Your goal: Make an exact copy of the records below, leaving every image out.

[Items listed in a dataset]
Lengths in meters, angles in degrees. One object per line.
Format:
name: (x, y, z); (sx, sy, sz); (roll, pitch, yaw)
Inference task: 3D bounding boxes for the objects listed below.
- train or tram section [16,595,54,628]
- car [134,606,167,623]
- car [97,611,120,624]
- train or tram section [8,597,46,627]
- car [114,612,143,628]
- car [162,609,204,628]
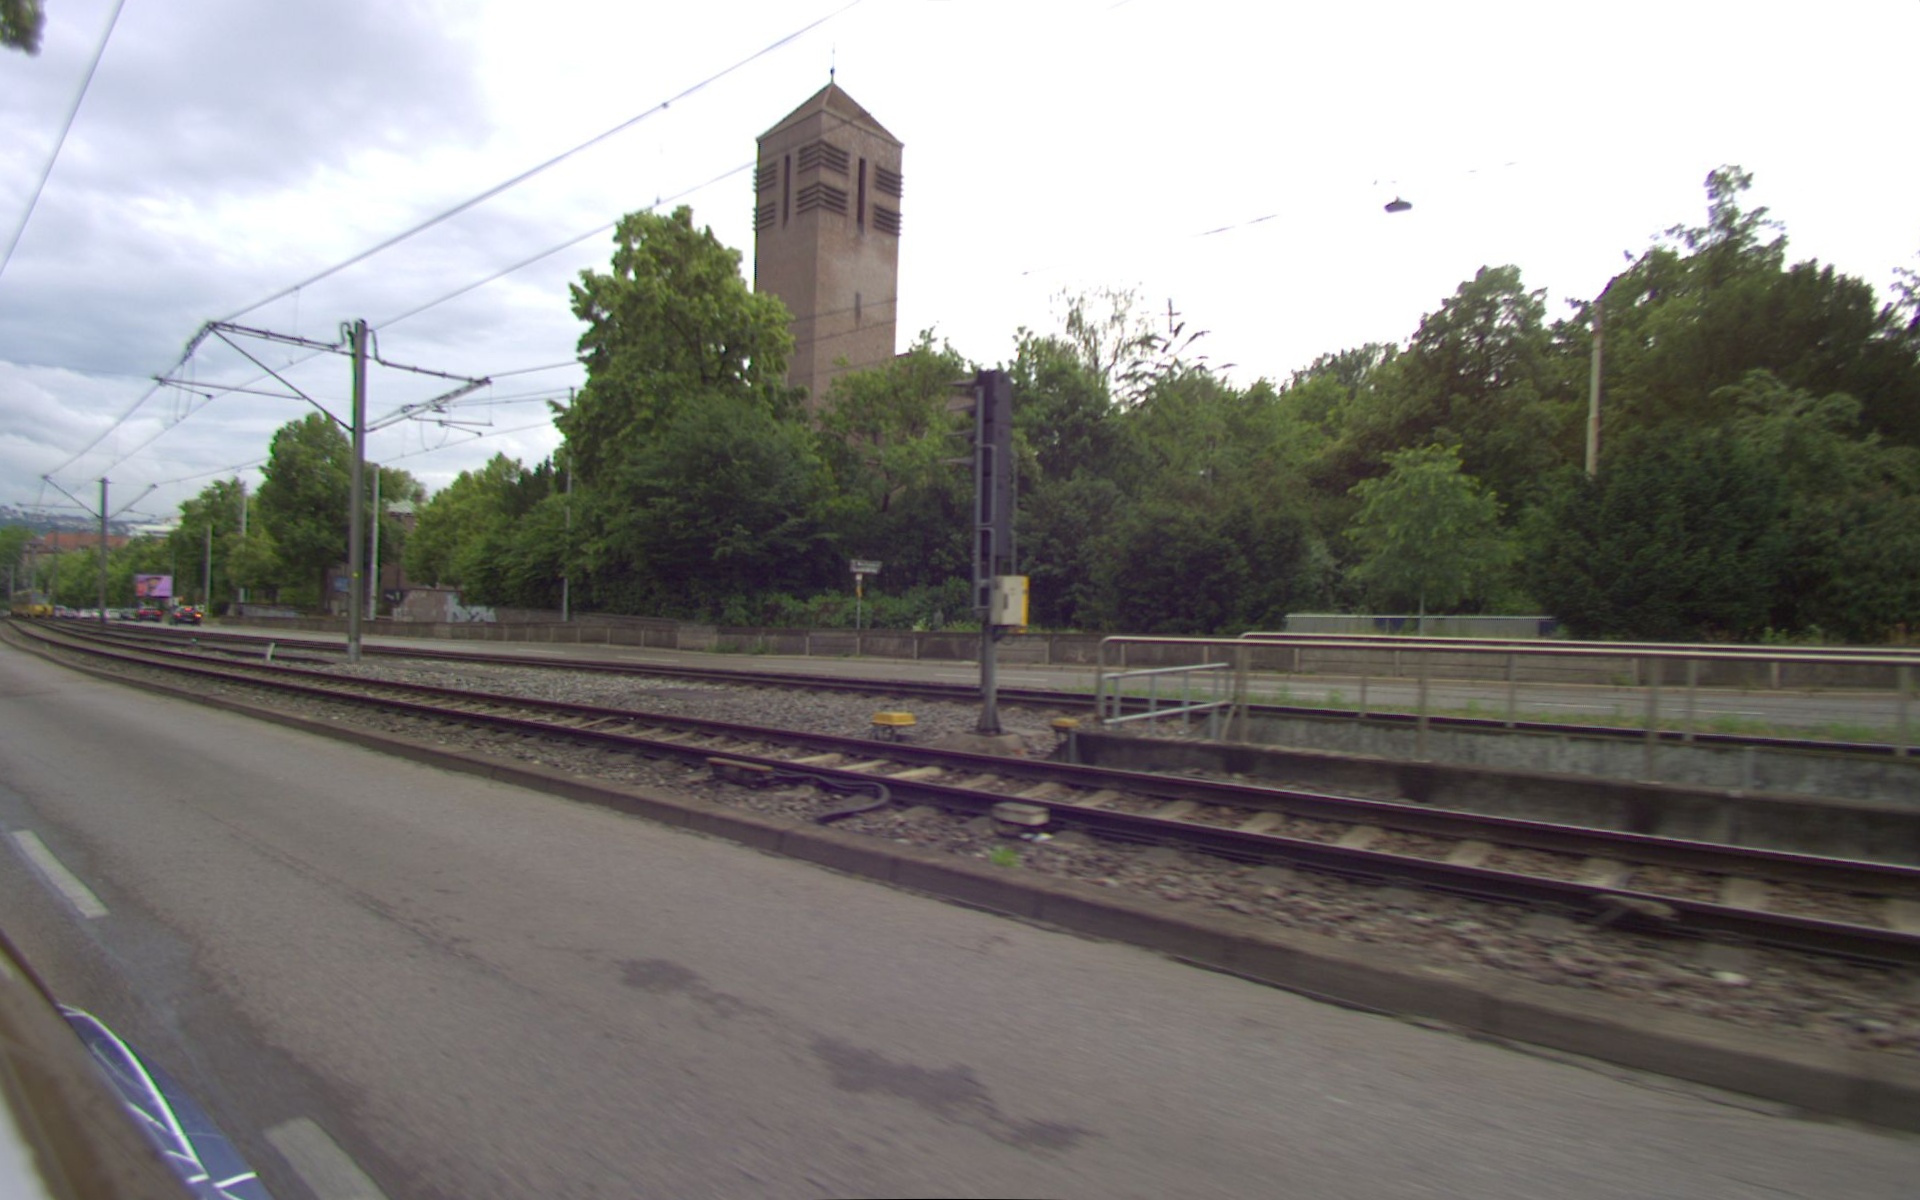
train or tram section: (-118.743, 1.544, 129.860); (2.796, 4.006, 17.886); (1, -2, -45)
car: (-82.361, 1.515, 102.905); (4.525, 1.656, 1.971); (-1, -3, 44)
car: (-106.408, 2.212, 126.450); (3.986, 1.479, 1.727); (-1, -4, 44)
train or tram section: (-131.974, 1.812, 143.005); (20.033, 4.006, 2.797); (-1, -2, 44)
car: (-93.933, 2.274, 114.348); (4.413, 1.656, 1.971); (-1, -3, 44)
car: (-64.373, 1.518, 83.838); (4.321, 1.452, 1.944); (-1, -2, 42)

Response:
Lengths in meters, angles in degrees. One object per line.
Format:
name: (x, y, z); (sx, sy, sz); (roll, pitch, yaw)
Inference task: 3D bounding boxes for the objects listed below.
- train or tram section [16,595,54,628]
- car [134,606,167,623]
- car [97,611,120,624]
- train or tram section [8,597,46,627]
- car [114,612,143,628]
- car [162,609,204,628]
train or tram section: (-118.743, 1.544, 129.860); (2.796, 4.006, 17.886); (1, -2, -45)
car: (-82.361, 1.515, 102.905); (4.525, 1.656, 1.971); (-1, -3, 44)
car: (-106.408, 2.212, 126.450); (3.986, 1.479, 1.727); (-1, -4, 44)
train or tram section: (-131.974, 1.812, 143.005); (20.033, 4.006, 2.797); (-1, -2, 44)
car: (-93.933, 2.274, 114.348); (4.413, 1.656, 1.971); (-1, -3, 44)
car: (-64.373, 1.518, 83.838); (4.321, 1.452, 1.944); (-1, -2, 42)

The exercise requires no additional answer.